Enseignement supérieur : le Togo exige plus de qualité dans les établissements privés

Fawzou
3 min de lecture

Au Togo, les autorités accentuent leurs efforts pour améliorer la qualité des formations dans les établissements privés d’enseignement supérieur. Une rencontre tenue le 30 mars à Lomé a réuni les responsables des établissements privés (EPES) autour des exigences liées à l’assurance qualité et à l’accréditation.

L’objectif est clair : élever le niveau des formations et mieux aligner les diplômes avec les attentes du marché du travail.

Mieux comprendre les normes et les exigences

Cette initiative vise à accompagner les promoteurs d’établissements privés dans la maîtrise des règles en vigueur. Il s’agit notamment de leur permettre de mieux intégrer les standards nationaux et internationaux dans leurs offres de formation.

L’enjeu est double : garantir la qualité des enseignements et assurer une meilleure adéquation entre les compétences acquises et les besoins des entreprises.

L’assurance qualité au cœur des priorités

Les échanges ont mis en avant le rôle central de l’assurance qualité dans le système éducatif. Un dispositif efficace dans ce domaine permet de renforcer la crédibilité des diplômes délivrés par les établissements privés.

Selon le ministre de l’Éducation nationale, Mama Omorou, la qualité de l’enseignement supérieur est un élément non négociable, car elle influence directement l’employabilité des diplômés et le développement du pays.

Un secteur en pleine expansion

Le paysage de l’enseignement supérieur privé au Togo connaît une croissance importante.
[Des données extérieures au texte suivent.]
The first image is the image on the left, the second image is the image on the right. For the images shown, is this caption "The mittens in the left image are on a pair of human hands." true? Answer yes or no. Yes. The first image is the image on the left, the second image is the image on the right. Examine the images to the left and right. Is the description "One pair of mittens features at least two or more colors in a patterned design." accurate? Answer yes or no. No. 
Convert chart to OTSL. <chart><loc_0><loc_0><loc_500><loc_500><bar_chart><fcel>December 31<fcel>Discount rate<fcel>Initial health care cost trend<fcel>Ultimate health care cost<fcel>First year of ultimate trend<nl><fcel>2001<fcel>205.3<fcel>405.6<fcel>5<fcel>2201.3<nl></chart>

Pour l’année académique 2025-2026, 97 établissements sont officiellement reconnus et agréés par l’État.

Cette expansion offre plus d’opportunités aux étudiants, mais elle pose aussi la question du contrôle et du maintien des standards de qualité.
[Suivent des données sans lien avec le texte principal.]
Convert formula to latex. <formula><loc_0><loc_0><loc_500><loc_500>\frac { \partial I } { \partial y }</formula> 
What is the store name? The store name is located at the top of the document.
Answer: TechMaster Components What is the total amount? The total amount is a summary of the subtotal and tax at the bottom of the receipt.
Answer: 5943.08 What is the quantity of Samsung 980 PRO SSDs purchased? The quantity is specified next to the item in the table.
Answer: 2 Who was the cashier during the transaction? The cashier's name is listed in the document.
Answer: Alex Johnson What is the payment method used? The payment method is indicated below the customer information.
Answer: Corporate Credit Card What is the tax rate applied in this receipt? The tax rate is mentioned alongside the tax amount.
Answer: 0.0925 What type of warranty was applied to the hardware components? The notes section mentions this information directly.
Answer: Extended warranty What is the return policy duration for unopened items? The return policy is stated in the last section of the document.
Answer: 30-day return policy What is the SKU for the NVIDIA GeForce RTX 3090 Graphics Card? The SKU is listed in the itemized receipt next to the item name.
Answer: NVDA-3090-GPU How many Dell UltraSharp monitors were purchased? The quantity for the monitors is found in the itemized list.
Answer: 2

Un défi au-delà des discours

Renforcer la qualité des formations ne dépend pas seulement des recommandations ou des rencontres. Cela suppose des mécanismes de contrôle efficaces, des évaluations régulières et des sanctions en cas de non-conformité.

Sinon, il y a un risque réel : multiplier les diplômes sans garantir leur valeur sur le marché de l’emploi.

Entre ambition et réalité

L’initiative montre une volonté de structurer le secteur, mais un point mérite d’être questionné : les établissements disposent-ils réellement des moyens nécessaires pour appliquer ces exigences ?

Sans investissements dans les infrastructures, les enseignants et les ressources pédagogiques, l’amélioration de la qualité pourrait rester limitée.